Limitations are noted in terms of computational latency (which is now being broken by synergistic perception-control codesign), clinical generalization (often requiring retraining for new anatomies or image domains), and the need for regulatory approval for broader adoption.

7. Future Directions and Open Challenges

Current research trajectories for RUSS include:

• Continuous multi-modal sensing: Joint fusion of surface, tactile, Doppler, and US data; AI-based confidence and interpretability (Zhetpissov et al., 7 Mar 2025, Jiang et al., 2023).
• Higher-level autonomy and dialogue: LLM-augmented workflow orchestration, knowledge-augmented dialogue for both patient and physician agency, and dynamic, context-aware re-planning (Xu et al., 18 Jun 2024, Song et al., 17 Jul 2025).
• Generalization and personalized adaptation: Training robust, anatomy- and disease-aware models that cross patient domains and handle variable tissue mechanics.
• Integration with novel imaging tasks: Automated 3D volume compounding, neural-field–based volume reconstruction and localization (AIA-UltraNeRF), and beyond-hospital/field diagnostics with compact, wearable robots (Zhang et al., 23 Nov 2025, Li et al., 9 Oct 2025).
• Safety and regulatory compliance: Embedding barrier policies and formal verification into black-box RL schemes; clinical trials across broader anatomical and demographic populations.
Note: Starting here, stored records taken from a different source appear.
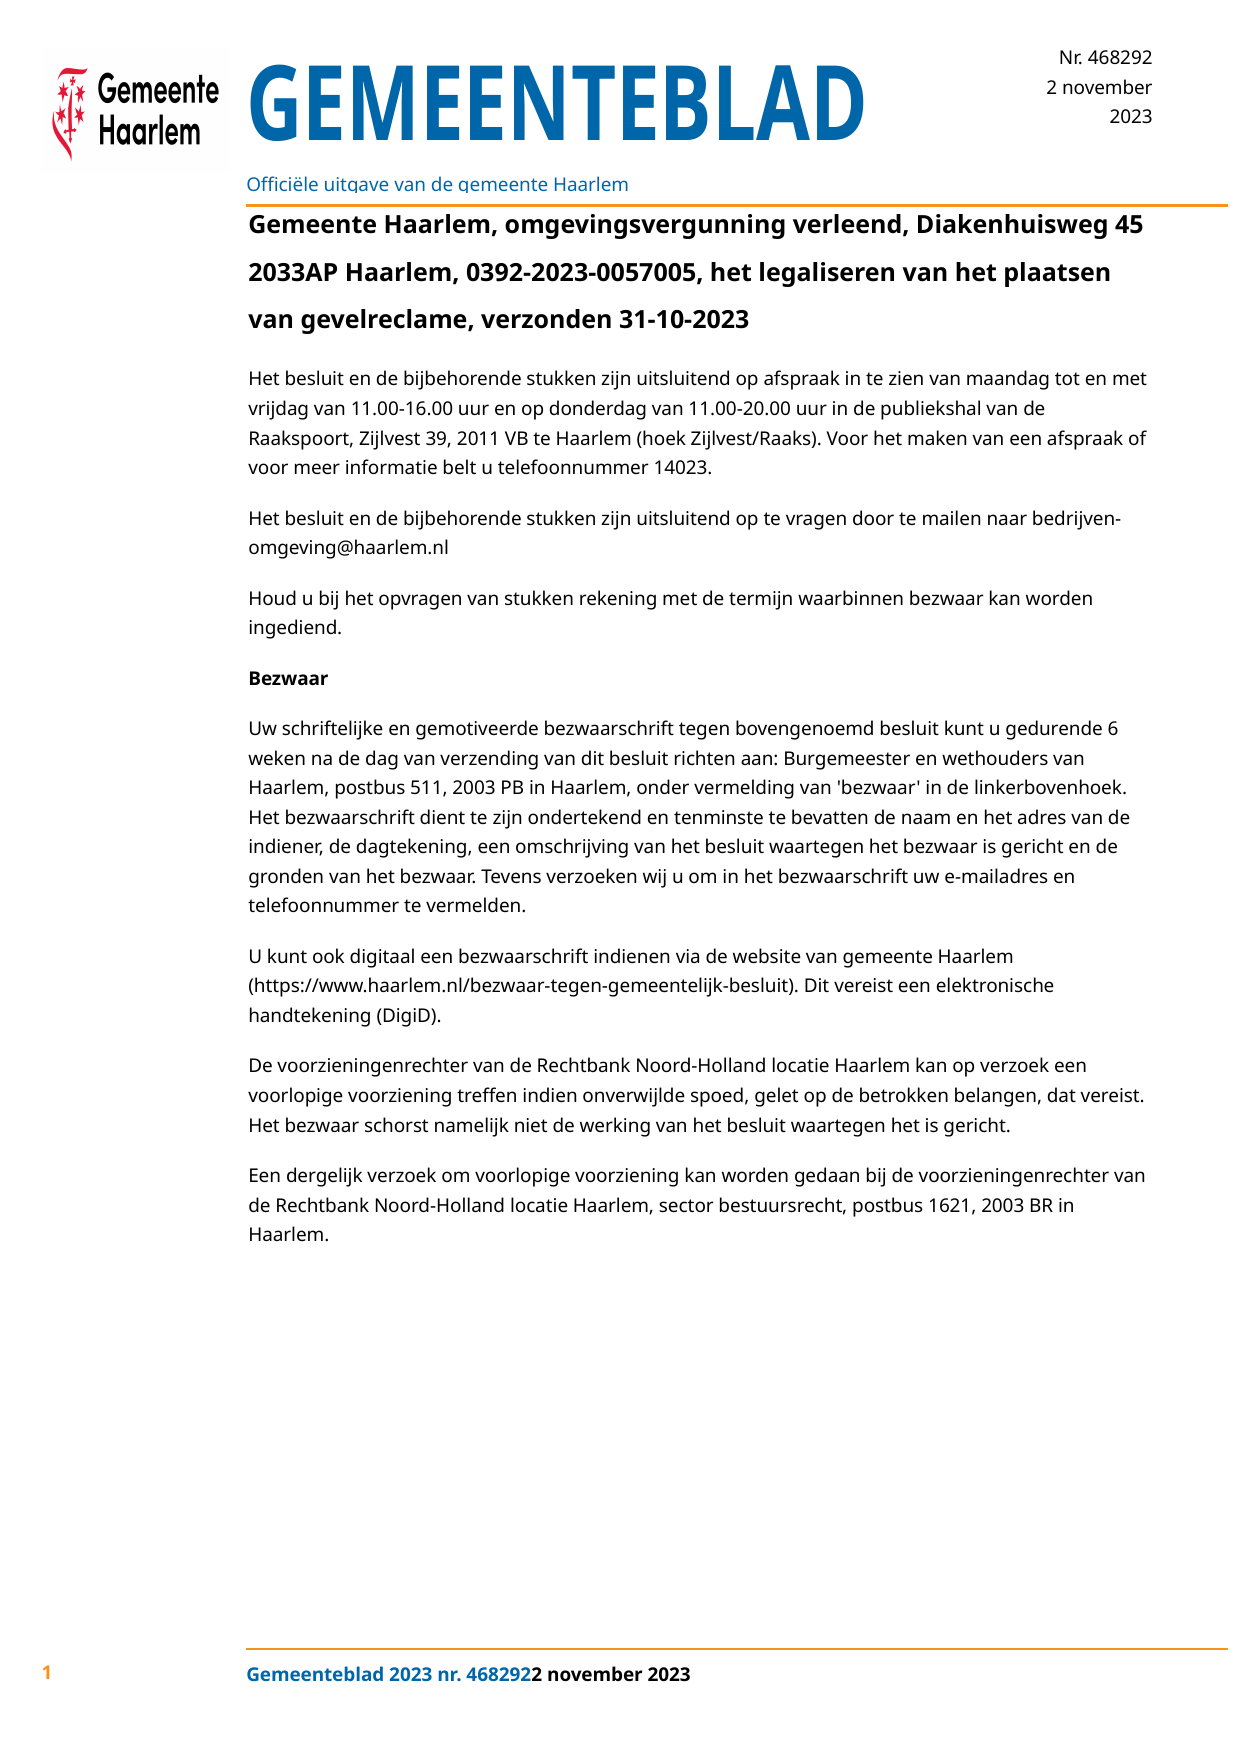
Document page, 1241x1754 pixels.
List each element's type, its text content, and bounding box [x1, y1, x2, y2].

text Het besluit en de bijbehorende stukken zijn uitsluitend op afspraak in te zien van maandag tot en met vrijdag van 11.00-16.00 uur en op donderdag van 11.00-20.00 uur in de publiekshal van de Raakspoort, Zijlvest 39, 2011 VB te Haarlem (hoek Zijlvest/Raaks). Voor het maken van een afspraak of voor meer informatie belt u telefoonnummer 14023. [248, 366, 1152, 480]
text Een dergelijk verzoek om voorlopige voorziening kan worden gedaan bij de voorzieningenrechter van de Rechtbank Noord-Holland locatie Haarlem, sector bestuursrecht, postbus 1621, 2003 BR in Haarlem. [248, 1162, 1152, 1247]
picture [41, 47, 231, 172]
text Gemeente Haarlem, omgevingsvergunning verleend, Diakenhuisweg 45 2033AP Haarlem, 0392-2023-0057005, het legaliseren van het plaatsen van gevelreclame, verzonden 31-10-2023 [248, 207, 1152, 336]
text Uw schriftelijke en gemotiveerde bezwaarschrift tegen bovengenoemd besluit kunt u gedurende 6 weken na de dag van verzending van dit besluit richten aan: Burgemeester en wethouders van Haarlem, postbus 511, 2003 PB in Haarlem, onder vermelding van 'bezwaar' in de linkerbovenhoek. Het bezwaarschrift dient te zijn ondertekend en tenminste te bevatten de naam en het adres van de indiener, de dagtekening, een omschrijving van het besluit waartegen het bezwaar is gericht en de gronden van het bezwaar. Tevens verzoeken wij u om in het bezwaarschrift uw e-mailadres en telefoonnummer te vermelden. [248, 715, 1152, 918]
text Het besluit en de bijbehorende stukken zijn uitsluitend op te vragen door te mailen naar bedrijven-omgeving@haarlem.nl [248, 505, 1152, 560]
text De voorzieningenrechter van de Rechtbank Noord-Holland locatie Haarlem kan op verzoek een voorlopige voorziening treffen indien onverwijlde spoed, gelet op de betrokken belangen, dat vereist. Het bezwaar schorst namelijk niet de werking van het besluit waartegen het is gericht. [248, 1053, 1152, 1137]
text Bezwaar [248, 665, 1152, 690]
text U kunt ook digitaal een bezwaarschrift indienen via de website van gemeente Haarlem (https://www.haarlem.nl/bezwaar-tegen-gemeentelijk-besluit). Dit vereist een elektronische handtekening (DigiD). [248, 943, 1152, 1028]
text Houd u bij het opvragen van stukken rekening met de termijn waarbinnen bezwaar kan worden ingediend. [248, 585, 1152, 640]

RUSS thus represents a convergence point for robotics, AI-driven perception and planning, and procedural automation, with strong evidence for approaching human-level competence in standardized scanning—provided continued advances in adaptable perception, robust compliance, and explainability (Jiang et al., 2023, Ma et al., 17 Jun 2024, Qian et al., 2 Nov 2025).